The $1.2 billion loss to New York-based Lehman came from additional cash that Goldman, Barclays and Chicago-based DRW Trading demanded to offset the risk of taking on the failed firm’s trading positions, said Craig Pirrong, a finance professor at the University of Houston.
Goldman, which assumed natural gas trades as well as stock index trades, required $140 million in additional margin from Lehman for those positions, and $450 million more margin to back equity index trades, according to the report. London-based Barclays required $335 million in additional cash for the energy trades it took on.
DRW Trading required an extra $240 million for interest rate positions, $6 million for currency trades and $57 million for agricultural positions, according to the report.
The natural gas trades New York-based Goldman took over included options that were valued as being out of the money by $482 million, according to the report. Goldman knew it may lose all of that and more, so it demanded the additional $140 million in collateral from Lehman, said Darrell Duffie, a finance professor at Stanford University in California.
“The more they went into the money, the more Goldman Sachs would lose,” Duffie said.
Michael O’Looney, a Barclays spokesman, and Michael DuVally, a Goldman spokesman, declined to comment. DRW Trading strategist Lou Brien declined to comment on the potential lawsuit, referring to a statement on its Web site saying it was “pleased that we were able to provide competitive pricing for these very large, complex and risky portfolios.”
CME spokesman Allan Schoenberg declined to comment.
The margin CME had required of Lehman to back the natural gas options position was $129 million, the report said.

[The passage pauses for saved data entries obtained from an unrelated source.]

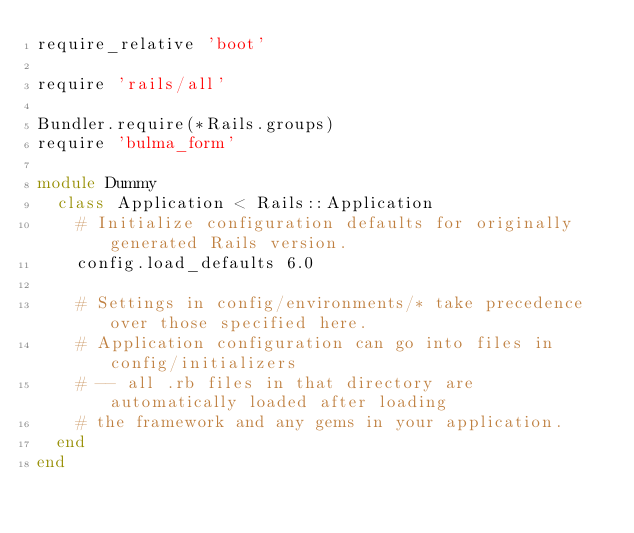Convert code to text. <code><loc_0><loc_0><loc_500><loc_500><_Ruby_>require_relative 'boot'

require 'rails/all'

Bundler.require(*Rails.groups)
require 'bulma_form'

module Dummy
  class Application < Rails::Application
    # Initialize configuration defaults for originally generated Rails version.
    config.load_defaults 6.0

    # Settings in config/environments/* take precedence over those specified here.
    # Application configuration can go into files in config/initializers
    # -- all .rb files in that directory are automatically loaded after loading
    # the framework and any gems in your application.
  end
end
</code>

Lehman, which filed for bankruptcy with debt of $613 billion, has had 66,000 claims for payment totaling $899 billion, lawyers told the judge at the hearing. Lehman has said allowable claims may be as low as $260 billion.
In a disclosure statement filed yesterday, Lehman its assets may be sold for at least $38.5 billion within five years to help pay creditors.
Gross recovery after liquidation, before payment of any claims or expenses, would be about $57 billion, Lehman said in the statement.
Peck asked Valukas why his report hadn’t mentioned Hudson Castle, a Lehman affiliate that allowed the investment bank to move $1 billion in risky investments off its balance sheet, according to a report yesterday in the New York Times.
“Hudson Capital to our knowledge had become independent of Lehman as of 2004,” Valukas said. His 2,200-page report focused on 2006 and forward, he said.
At the hearing, Peck approved Lehman’s plan to settle disputes over payments on $600 million of swap agreements with Metavante Corp and said it could use mediation to handle quarrels with creditors over claims.
The case is In re Lehman Brothers Holdings Inc, 08-13555, US Bankruptcy Court, Southern District of New York (Manhattan).